In summary, the present dataset provides pretreatment MRI scans and multiple follow-up time points, along with corresponding tumor segmentations and radiomic features for each patient. The dataset enables the investigation of disease progression, treatment response, and temporal changes in tumor subregions (necrotic core, enhancing tumor, edema). Researchers can also study the evolution of imaging biomarkers and radiomic signatures over time, therefore, making the present dataset a valuable resource for longitudinal analyses and predictive modeling in brain metastasis research.

Technical Validation

The study included only patients with a confirmed BM, with primary tumors pathologically and clinically confirmed by a radiation oncologist (M.T.) prior to inclusion.
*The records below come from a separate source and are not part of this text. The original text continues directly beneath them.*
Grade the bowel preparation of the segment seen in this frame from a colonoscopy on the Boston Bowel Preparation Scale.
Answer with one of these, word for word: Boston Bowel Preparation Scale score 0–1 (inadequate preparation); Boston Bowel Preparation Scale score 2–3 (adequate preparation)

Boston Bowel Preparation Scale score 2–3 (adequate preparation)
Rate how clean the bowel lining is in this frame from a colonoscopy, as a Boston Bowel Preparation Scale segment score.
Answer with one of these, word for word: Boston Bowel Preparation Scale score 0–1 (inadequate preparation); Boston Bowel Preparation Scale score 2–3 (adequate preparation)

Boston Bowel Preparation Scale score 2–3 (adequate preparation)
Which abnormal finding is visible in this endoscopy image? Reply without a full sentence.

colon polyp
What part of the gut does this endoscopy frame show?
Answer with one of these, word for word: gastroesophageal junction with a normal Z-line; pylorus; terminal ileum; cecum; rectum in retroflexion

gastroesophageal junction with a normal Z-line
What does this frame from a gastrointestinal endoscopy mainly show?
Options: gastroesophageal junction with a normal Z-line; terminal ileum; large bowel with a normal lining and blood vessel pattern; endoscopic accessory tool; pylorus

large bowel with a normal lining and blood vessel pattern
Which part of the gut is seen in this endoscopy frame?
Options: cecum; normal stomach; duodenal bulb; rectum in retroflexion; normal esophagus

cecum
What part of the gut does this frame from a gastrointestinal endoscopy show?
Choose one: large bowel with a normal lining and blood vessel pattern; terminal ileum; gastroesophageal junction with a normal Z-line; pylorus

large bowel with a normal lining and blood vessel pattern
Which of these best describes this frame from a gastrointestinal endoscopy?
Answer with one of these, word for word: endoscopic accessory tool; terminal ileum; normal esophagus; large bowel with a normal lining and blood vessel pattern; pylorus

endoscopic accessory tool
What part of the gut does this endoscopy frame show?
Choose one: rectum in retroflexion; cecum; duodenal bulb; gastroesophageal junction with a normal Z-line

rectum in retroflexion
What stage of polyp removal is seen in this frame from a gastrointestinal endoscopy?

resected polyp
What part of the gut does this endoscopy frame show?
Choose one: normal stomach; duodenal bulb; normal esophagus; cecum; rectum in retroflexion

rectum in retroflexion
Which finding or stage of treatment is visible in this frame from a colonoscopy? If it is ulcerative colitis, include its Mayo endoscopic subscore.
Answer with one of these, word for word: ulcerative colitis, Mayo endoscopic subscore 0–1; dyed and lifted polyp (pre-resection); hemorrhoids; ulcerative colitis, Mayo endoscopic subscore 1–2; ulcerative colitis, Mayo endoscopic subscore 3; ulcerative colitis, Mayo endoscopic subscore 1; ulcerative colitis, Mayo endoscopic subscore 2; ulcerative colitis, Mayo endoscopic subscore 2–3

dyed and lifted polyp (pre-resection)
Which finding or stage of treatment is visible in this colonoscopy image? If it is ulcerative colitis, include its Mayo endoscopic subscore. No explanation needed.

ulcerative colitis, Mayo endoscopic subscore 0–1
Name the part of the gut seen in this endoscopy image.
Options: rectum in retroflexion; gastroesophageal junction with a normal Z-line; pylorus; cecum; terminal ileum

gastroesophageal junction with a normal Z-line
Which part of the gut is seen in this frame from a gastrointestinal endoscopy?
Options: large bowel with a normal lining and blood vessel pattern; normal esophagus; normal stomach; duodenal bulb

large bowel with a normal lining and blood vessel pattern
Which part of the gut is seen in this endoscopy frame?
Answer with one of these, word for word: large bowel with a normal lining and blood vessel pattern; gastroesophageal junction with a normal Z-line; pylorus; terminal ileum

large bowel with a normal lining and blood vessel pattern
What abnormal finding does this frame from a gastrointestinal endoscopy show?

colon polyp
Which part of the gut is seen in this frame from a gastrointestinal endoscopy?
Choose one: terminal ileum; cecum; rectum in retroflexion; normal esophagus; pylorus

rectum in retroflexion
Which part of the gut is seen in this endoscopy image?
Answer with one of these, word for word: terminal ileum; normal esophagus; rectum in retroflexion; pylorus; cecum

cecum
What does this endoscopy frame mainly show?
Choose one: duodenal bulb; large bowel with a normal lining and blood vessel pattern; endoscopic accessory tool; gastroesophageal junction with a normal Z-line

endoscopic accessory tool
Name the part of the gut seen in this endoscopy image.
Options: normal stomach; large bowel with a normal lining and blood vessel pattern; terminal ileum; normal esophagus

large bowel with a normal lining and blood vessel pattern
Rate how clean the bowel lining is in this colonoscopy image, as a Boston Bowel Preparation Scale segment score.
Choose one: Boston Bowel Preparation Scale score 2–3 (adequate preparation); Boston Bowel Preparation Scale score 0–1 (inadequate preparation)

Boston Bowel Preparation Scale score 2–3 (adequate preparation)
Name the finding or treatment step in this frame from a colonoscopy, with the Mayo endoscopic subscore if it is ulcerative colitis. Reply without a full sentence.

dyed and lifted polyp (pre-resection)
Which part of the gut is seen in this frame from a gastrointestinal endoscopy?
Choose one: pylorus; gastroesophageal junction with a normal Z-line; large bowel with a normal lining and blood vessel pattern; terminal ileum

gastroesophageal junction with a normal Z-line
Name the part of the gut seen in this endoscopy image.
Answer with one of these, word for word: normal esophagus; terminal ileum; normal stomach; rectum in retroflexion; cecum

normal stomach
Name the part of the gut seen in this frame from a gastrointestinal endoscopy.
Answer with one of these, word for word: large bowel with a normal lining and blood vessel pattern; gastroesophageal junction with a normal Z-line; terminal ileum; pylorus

Data curation and evaluation of inclusion criteria were conducted by an MRI analysis professional (D.F.). The final dataset comprised only patients with high-quality T1W, T2W, T1-Contrast and FLAIR images, free from significant motion artifacts. Lastly, all automatic and semi-automatic segmentations performed in this study were manually corrected by an expert neuroradiologist (L.S.) after being carried out by medical image analysis experts (D.F., C.P.P).

Usage Notes

To process the medical images and segmentations provided in this work, it is strongly advised to use a medical imaging software that supports either the DICOM or NIfTI format that ensures consistent handling of the images’ physical space and orientation. We confirmed that all NIfTI files, including segmentations and images, were successfully loaded using FSLeyes (version 1.12.6), ITK-SNAP 4.2.2 and 3D Slicer (version 5.8.1) software, and DICOM files were successfully loaded using Horos (version 4.01) and 3D Slicer (version 5.8.1) software.